The supported commands are
create file_name size: create a file with the specified size
delete file_name: delete a file
help: print the help info
list: list existing files in SAFS
load file_name [ext_file]: load data to the file
load_part file_name ext_file part_id: load part of the file to SAFS
verify file_name [ext_file]: verify data in the file
export file_name ext_file: export an SAFS file to Linux filesystem
info file_name: show the information of an SAFS file
rename file_name new_name: rename an SAFS file
The most useful commands are:
- create: create an SAFS file with the specified size
- delete: delete an SAFS file
- list: list all files in SAFS
- load: load data to a SAFS file named
file_name
. Users can load data from a Linux file to the SAFS file by providing a second argument. If a Linux file isn't provided, the SAFS file is filled with 0. - export: export an SAFS file to Linux filesystem
- info file_name: show the metadata information of an SAFS file
- rename file_name new_name: rename an SAFS file
matrix/utils/el2fg takes a file of edge lists in the text format and converts them to the FlashGraph format, which is adjacency list in the binary format. The edge list file(s) can be gzip'd. The gzip'd file needs to have a filename extension .gz
in order to be considered as a gzip'd file. el2fg takes a FlashX configuration file, a text edge list file and a graph name, and outputs two files: graph_name.adj, which contains the adjacency lists of the graph, and graph_name.index, which contains the locations of the adjacency lists in the graph file.
By default, el2fg keeps all intermediate data in memory.
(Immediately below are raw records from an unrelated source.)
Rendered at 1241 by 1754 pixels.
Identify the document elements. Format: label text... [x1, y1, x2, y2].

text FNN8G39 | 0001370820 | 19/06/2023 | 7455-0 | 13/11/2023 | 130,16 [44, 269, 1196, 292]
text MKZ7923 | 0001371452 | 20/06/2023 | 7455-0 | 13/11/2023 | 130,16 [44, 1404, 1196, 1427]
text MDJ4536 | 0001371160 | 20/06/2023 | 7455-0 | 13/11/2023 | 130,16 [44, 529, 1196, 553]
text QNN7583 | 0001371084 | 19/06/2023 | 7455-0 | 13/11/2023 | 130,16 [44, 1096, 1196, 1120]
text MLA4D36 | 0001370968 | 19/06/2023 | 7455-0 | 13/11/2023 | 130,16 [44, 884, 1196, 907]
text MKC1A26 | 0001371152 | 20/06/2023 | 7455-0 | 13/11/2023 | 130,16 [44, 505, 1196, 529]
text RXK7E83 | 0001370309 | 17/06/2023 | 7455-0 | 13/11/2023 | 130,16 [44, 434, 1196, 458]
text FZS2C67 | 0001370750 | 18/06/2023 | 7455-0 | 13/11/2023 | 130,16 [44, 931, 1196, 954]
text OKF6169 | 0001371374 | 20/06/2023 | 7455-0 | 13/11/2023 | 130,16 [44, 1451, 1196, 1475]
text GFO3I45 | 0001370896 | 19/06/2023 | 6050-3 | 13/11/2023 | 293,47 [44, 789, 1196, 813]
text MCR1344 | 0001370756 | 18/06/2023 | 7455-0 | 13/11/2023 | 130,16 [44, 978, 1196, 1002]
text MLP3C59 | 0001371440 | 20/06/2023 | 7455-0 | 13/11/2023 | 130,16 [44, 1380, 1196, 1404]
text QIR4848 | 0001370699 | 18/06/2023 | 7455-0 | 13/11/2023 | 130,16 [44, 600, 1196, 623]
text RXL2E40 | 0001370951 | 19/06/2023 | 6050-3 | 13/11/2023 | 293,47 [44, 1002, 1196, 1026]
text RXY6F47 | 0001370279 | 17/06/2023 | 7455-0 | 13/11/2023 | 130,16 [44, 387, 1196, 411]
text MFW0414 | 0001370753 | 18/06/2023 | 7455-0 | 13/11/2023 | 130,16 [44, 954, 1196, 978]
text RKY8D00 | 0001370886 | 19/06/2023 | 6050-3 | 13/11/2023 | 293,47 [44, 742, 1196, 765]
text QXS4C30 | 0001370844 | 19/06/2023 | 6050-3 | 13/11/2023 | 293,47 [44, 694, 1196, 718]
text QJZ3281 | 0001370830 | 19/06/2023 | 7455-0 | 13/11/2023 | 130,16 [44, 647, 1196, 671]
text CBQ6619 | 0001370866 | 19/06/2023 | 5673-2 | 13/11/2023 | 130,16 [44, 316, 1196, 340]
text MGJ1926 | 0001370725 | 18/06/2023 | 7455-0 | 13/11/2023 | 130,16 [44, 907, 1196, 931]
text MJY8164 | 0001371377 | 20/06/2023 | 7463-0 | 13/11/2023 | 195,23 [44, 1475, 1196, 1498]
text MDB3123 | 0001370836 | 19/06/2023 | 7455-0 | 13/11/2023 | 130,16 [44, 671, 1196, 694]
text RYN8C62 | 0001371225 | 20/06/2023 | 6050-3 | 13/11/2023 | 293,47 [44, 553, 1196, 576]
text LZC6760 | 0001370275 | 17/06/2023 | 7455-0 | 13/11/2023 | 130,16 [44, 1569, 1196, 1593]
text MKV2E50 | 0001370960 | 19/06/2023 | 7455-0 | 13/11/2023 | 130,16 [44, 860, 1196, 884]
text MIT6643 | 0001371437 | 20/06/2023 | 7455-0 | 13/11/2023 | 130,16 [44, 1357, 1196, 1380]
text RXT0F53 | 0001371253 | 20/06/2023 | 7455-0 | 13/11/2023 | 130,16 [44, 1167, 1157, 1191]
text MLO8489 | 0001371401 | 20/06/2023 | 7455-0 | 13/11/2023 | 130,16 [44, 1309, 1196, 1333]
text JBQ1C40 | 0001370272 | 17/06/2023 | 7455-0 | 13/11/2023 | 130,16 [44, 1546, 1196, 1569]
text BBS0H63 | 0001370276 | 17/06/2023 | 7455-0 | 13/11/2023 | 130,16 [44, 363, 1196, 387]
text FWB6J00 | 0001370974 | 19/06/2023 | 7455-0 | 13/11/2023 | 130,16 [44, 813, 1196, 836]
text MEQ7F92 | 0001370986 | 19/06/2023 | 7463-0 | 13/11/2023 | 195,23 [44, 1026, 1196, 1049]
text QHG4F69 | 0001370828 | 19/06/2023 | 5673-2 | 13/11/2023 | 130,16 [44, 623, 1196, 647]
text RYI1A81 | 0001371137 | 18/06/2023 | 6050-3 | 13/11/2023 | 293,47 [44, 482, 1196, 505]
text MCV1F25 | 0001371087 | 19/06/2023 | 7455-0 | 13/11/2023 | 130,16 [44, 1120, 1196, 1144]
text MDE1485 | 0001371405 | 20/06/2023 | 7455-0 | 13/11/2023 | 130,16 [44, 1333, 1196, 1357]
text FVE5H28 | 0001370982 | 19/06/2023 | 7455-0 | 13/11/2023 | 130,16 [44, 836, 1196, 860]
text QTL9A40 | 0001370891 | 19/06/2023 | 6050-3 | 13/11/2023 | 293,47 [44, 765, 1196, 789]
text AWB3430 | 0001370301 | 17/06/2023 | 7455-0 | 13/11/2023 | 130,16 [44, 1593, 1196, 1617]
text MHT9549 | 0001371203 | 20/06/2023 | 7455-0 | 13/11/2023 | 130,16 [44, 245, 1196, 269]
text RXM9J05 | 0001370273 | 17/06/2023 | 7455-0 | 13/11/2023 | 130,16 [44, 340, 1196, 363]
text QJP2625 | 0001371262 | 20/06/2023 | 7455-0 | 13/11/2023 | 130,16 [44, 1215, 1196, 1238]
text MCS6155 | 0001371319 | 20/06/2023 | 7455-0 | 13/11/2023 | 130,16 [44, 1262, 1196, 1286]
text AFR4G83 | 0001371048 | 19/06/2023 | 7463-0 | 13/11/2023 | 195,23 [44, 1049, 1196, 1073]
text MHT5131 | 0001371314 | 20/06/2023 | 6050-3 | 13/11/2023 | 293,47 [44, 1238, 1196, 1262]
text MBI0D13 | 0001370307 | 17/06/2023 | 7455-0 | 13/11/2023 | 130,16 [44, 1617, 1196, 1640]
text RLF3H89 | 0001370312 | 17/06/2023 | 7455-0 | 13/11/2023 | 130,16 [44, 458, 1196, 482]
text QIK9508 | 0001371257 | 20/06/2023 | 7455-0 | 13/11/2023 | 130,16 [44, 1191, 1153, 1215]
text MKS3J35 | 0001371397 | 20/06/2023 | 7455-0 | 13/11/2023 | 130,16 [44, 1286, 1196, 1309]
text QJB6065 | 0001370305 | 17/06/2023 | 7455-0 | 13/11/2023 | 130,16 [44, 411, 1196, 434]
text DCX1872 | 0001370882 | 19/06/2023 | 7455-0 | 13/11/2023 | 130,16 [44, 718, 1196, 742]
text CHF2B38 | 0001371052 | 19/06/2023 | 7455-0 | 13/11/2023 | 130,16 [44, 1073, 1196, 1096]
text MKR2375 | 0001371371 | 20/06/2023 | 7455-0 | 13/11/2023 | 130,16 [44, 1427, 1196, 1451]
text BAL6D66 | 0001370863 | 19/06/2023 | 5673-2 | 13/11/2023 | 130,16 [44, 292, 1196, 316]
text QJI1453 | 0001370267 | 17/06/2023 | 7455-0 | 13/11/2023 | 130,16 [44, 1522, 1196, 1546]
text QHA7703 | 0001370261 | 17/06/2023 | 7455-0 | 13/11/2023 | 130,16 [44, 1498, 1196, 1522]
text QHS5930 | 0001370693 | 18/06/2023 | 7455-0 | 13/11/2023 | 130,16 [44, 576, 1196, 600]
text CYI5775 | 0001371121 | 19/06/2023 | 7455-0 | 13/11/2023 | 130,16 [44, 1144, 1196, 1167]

matrix/utils/el2fg [options] conf_file edge_file graph_name
-u: undirected graph
-U: unqiue edges
-e: use external memory
-s size: sort buffer size
-g size: groupby buffer size
-t type: the edge attribute type
The most important flags are shown as follows:
- -u: To construct an undirected graph, users have to explicitly enable this flag.
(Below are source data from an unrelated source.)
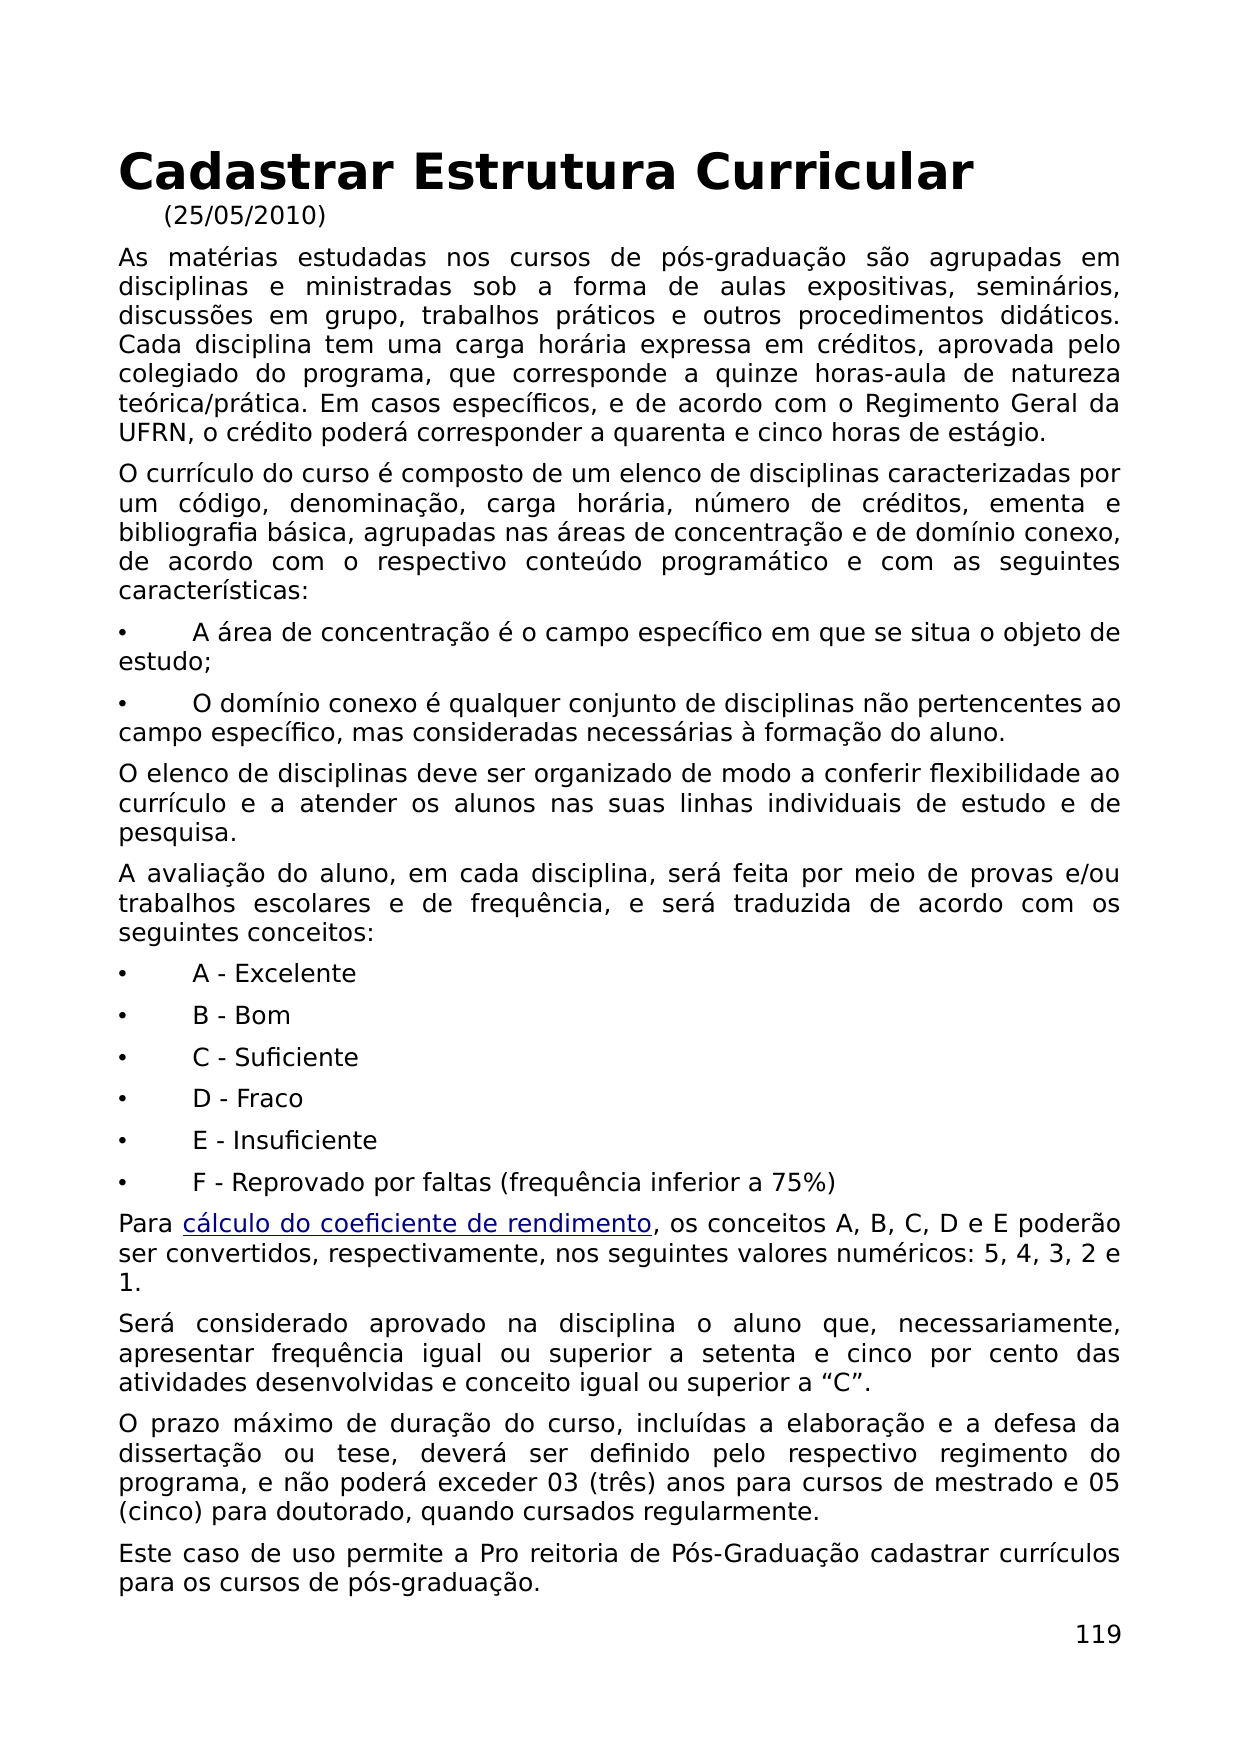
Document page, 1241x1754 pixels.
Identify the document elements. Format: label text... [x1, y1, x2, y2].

list A - Excelente [118, 960, 1122, 989]
list O domínio conexo é qualquer conjunto de disciplinas não pertencentes ao campo específico, mas consideradas necessárias à formação do aluno. [118, 689, 1122, 747]
list C - Suficiente [118, 1043, 1122, 1072]
text As matérias estudadas nos cursos de pós-graduação são agrupadas em disciplinas e ministradas sob a forma de aulas expositivas, seminários, discussões em grupo, trabalhos práticos e outros procedimentos didáticos. Cada disciplina tem uma carga horária expressa em créditos, aprovada pelo colegiado do programa, que corresponde a quinze horas-aula de natureza teórica/prática. Em casos específicos, e de acordo com o Regimento Geral da UFRN, o crédito poderá corresponder a quarenta e cinco horas de estágio. [118, 243, 1122, 447]
text Será considerado aprovado na disciplina o aluno que, necessariamente, apresentar frequência igual ou superior a setenta e cinco por cento das atividades desenvolvidas e conceito igual ou superior a “C”. [118, 1310, 1122, 1397]
list E - Insuficiente [118, 1126, 1122, 1156]
text O prazo máximo de duração do curso, incluídas a elaboração e a defesa da dissertação ou tese, deverá ser definido pelo respectivo regimento do programa, e não poderá exceder 03 (três) anos para cursos de mestrado e 05 (cinco) para doutorado, quando cursados regularmente. [118, 1410, 1122, 1526]
text Para cálculo do coeficiente de rendimento, os conceitos A, B, C, D e E poderão ser convertidos, respectivamente, nos seguintes valores numéricos: 5, 4, 3, 2 e 1. [118, 1210, 1122, 1297]
list B - Bom [118, 1001, 1122, 1031]
text A avaliação do aluno, em cada disciplina, será feita por meio de provas e/ou trabalhos escolares e de frequência, e será traduzida de acordo com os seguintes conceitos: [118, 860, 1122, 947]
list A área de concentração é o campo específico em que se situa o objeto de estudo; [118, 618, 1122, 676]
list F - Reprovado por faltas (frequência inferior a 75%) [118, 1168, 1122, 1197]
text Este caso de uso permite a Pro reitoria de Pós-Graduação cadastrar currículos para os cursos de pós-graduação. [118, 1539, 1122, 1597]
subtitle Cadastrar Estrutura Curricular (25/05/2010) [118, 143, 1122, 231]
text O elenco de disciplinas deve ser organizado de modo a conferir flexibilidade ao currículo e a atender os alunos nas suas linhas individuais de estudo e de pesquisa. [118, 760, 1122, 847]
text O currículo do curso é composto de um elenco de disciplinas caracterizadas por um código, denominação, carga horária, número de créditos, ementa e bibliografia básica, agrupadas nas áreas de concentração e de domínio conexo, de acordo com o respectivo conteúdo programático e com as seguintes características: [118, 460, 1122, 606]
list D - Fraco [118, 1085, 1122, 1114]

- -U: enable this flag to remove redundant edges in a graph.
- -e: enable this flag to use disks to construct a graph. It requires users to configure SAFS correctly.
- -t type: users can specify the edge attribute type. When this option is specified, the input edge list has to have three columns and the third column provides the edge attribute. Currently, four attribute types are supported. "I": 32-bit integer attributes, "L": 64-bit integer attributes, "F": single-precision float-point, "D": double-precision float-point.
An example:
To convert a directed graph wiki-Vote in the edge list format to the FlashGraph format, we can run the following command:
matrix/utils/el2fg matrix/conf/run_test.txt wiki-Vote.txt wiki-Vote
This converts an edge list in wiki-Vote.txt
to the FlashGraph format and generate two files: wiki-Vote.adj
and wiki-Vote.index
.
To convert an undirected graph facebook in the edge list format to the FlashGraph format, we run:
matrix/utils/el2fg matrix/conf/run_test.txt -u facebook_combined.txt facebook
matrix/utils/fg2fm converts a graph in the FlashGraph format to a sparse matrix in the FlashMatrix format. The FlashMatrix is necessary to support very efficient sparse matrix dense matrix multiplication (SpMM). SpMM is much more efficient with the FlashMatrix format than the FlashGraph format.
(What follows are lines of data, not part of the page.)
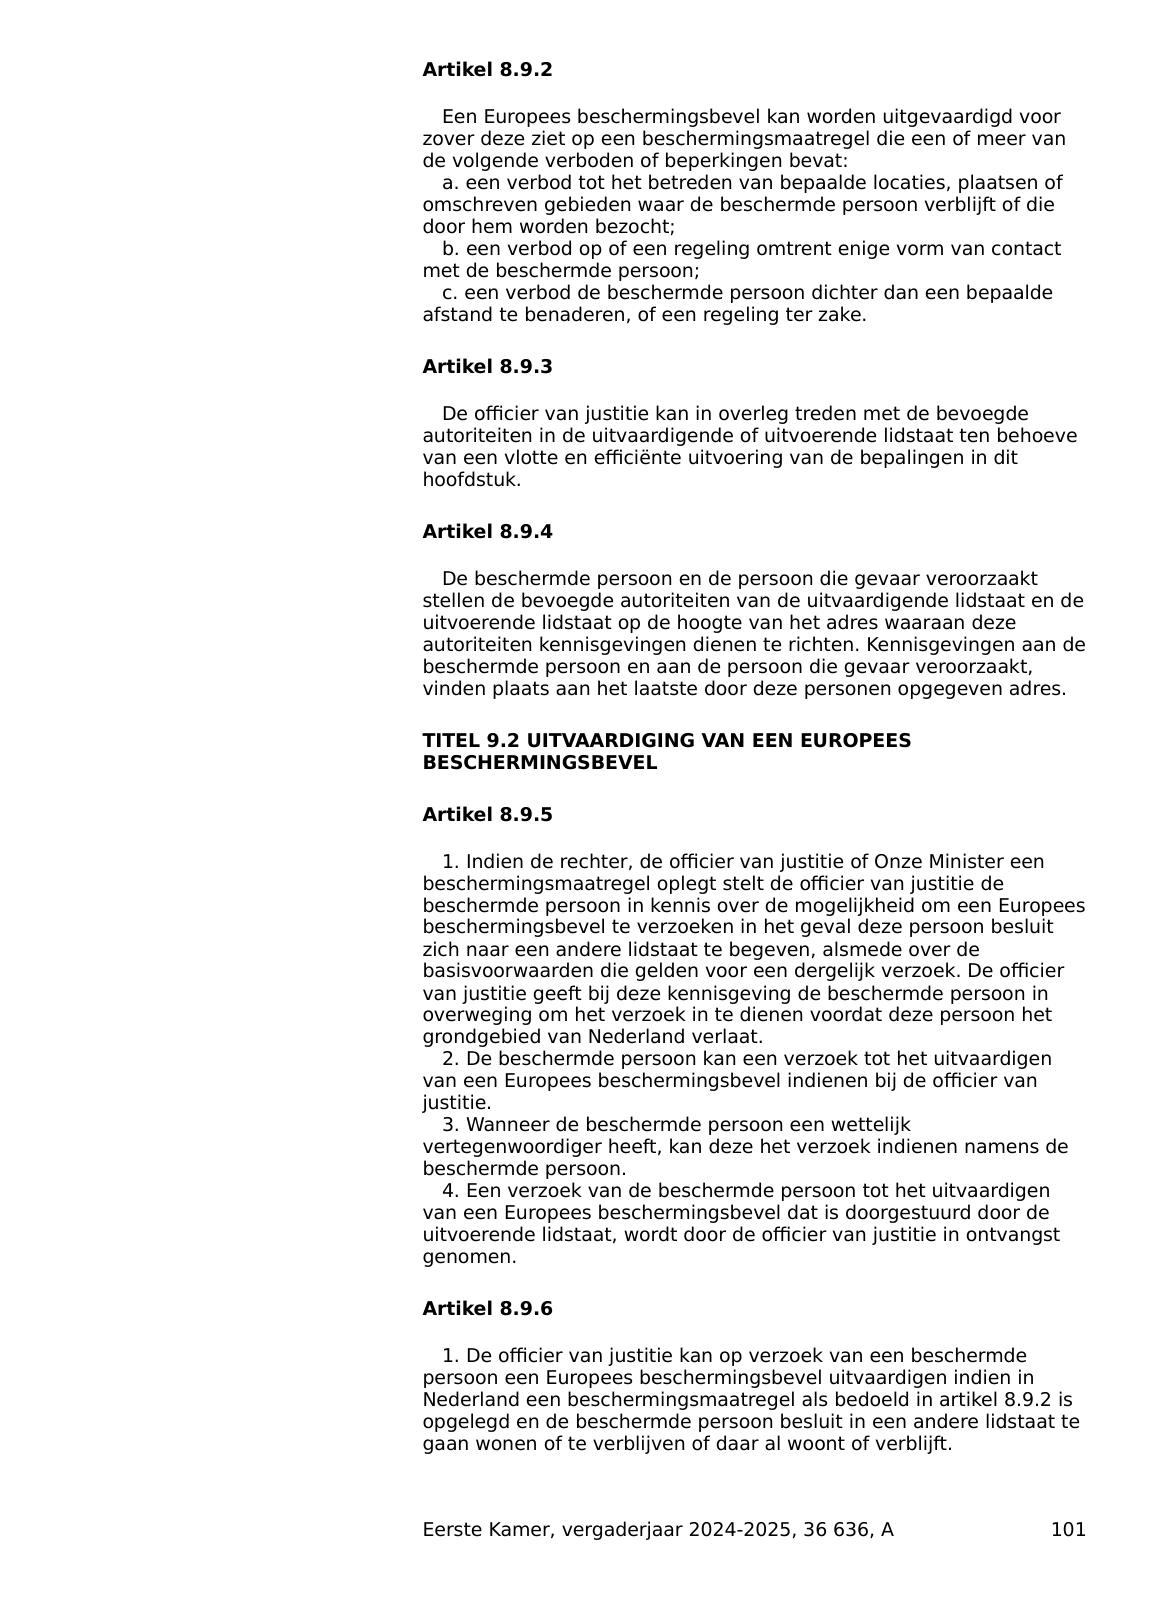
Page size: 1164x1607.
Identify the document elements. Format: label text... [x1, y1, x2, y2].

subtitle Artikel 8.9.4 [422, 521, 1087, 543]
text 3. Wanneer de beschermde persoon een wettelijk vertegenwoordiger heeft, kan deze het verzoek indienen namens de beschermde persoon. [422, 1114, 1087, 1180]
text Een Europees beschermingsbevel kan worden uitgevaardigd voor zover deze ziet op een beschermingsmaatregel die een of meer van de volgende verboden of beperkingen bevat: [422, 106, 1087, 172]
text 1. De officier van justitie kan op verzoek van een beschermde persoon een Europees beschermingsbevel uitvaardigen indien in Nederland een beschermingsmaatregel als bedoeld in artikel 8.9.2 is opgelegd en de beschermde persoon besluit in een andere lidstaat te gaan wonen of te verblijven of daar al woont of verblijft. [422, 1345, 1087, 1455]
text 4. Een verzoek van de beschermde persoon tot het uitvaardigen van een Europees beschermingsbevel dat is doorgestuurd door de uitvoerende lidstaat, wordt door de officier van justitie in ontvangst genomen. [422, 1180, 1087, 1268]
text De beschermde persoon en de persoon die gevaar veroorzaakt stellen de bevoegde autoriteiten van de uitvaardigende lidstaat en de uitvoerende lidstaat op de hoogte van het adres waaraan deze autoriteiten kennisgevingen dienen te richten. Kennisgevingen aan de beschermde persoon en aan de persoon die gevaar veroorzaakt, vinden plaats aan het laatste door deze personen opgegeven adres. [422, 568, 1087, 699]
text b. een verbod op of een regeling omtrent enige vorm van contact met de beschermde persoon; [422, 238, 1087, 282]
subtitle Artikel 8.9.2 [422, 59, 1087, 81]
subtitle Artikel 8.9.5 [422, 803, 1087, 826]
subtitle TITEL 9.2 UITVAARDIGING VAN EEN EUROPEES BESCHERMINGSBEVEL [422, 729, 1087, 773]
text c. een verbod de beschermde persoon dichter dan een bepaalde afstand te benaderen, of een regeling ter zake. [422, 282, 1087, 326]
text De officier van justitie kan in overleg treden met de bevoegde autoriteiten in de uitvaardigende of uitvoerende lidstaat ten behoeve van een vlotte en efficiënte uitvoering van de bepalingen in dit hoofdstuk. [422, 403, 1087, 491]
subtitle Artikel 8.9.6 [422, 1298, 1087, 1320]
text 1. Indien de rechter, de officier van justitie of Onze Minister een beschermingsmaatregel oplegt stelt de officier van justitie de beschermde persoon in kennis over de mogelijkheid om een Europees beschermingsbevel te verzoeken in het geval deze persoon besluit zich naar een andere lidstaat te begeven, alsmede over de basisvoorwaarden die gelden voor een dergelijk verzoek. De officier van justitie geeft bij deze kennisgeving de beschermde persoon in overweging om het verzoek in te dienen voordat deze persoon het grondgebied van Nederland verlaat. [422, 851, 1087, 1048]
subtitle Artikel 8.9.3 [422, 356, 1087, 378]
text a. een verbod tot het betreden van bepaalde locaties, plaatsen of omschreven gebieden waar de beschermde persoon verblijft of die door hem worden bezocht; [422, 172, 1087, 238]
text 2. De beschermde persoon kan een verzoek tot het uitvaardigen van een Europees beschermingsbevel indienen bij de officier van justitie. [422, 1048, 1087, 1114]

fg2fm [options] conf_file graph_file index_file matrix_name
-h height: the height of a 2D-partitioned matrix block
-w width: the width of a 2D-partitioned matrix block
-v: verify the generated matrix image
-g size: the groupby buffer size on vector vectors
-t type: the type of non-zero entries
Users don't need to provide the options most of time. The only useful option for some users is -t
, which tells fg2fm
the type of the edge attribute in the FlashGraph format.
fg2fm detects whether the provided graph is directed. For an undirected graph, it outputs two files: matrix_name.mat
, which contains the sparse matrix data, and matrix_name.mat_idx
, which contains the locations of some rows of the sparse matrix in matrix_name.mat
. For a directed graph, it outputs four files:
matrix_name.mat
, matrix_name.mat_idx
, matrix_name_t.mat
and matrix_name_t.mat_idx
. The first two files contain the sparse matrix and the last two files contain the transpose of the sparse matrix.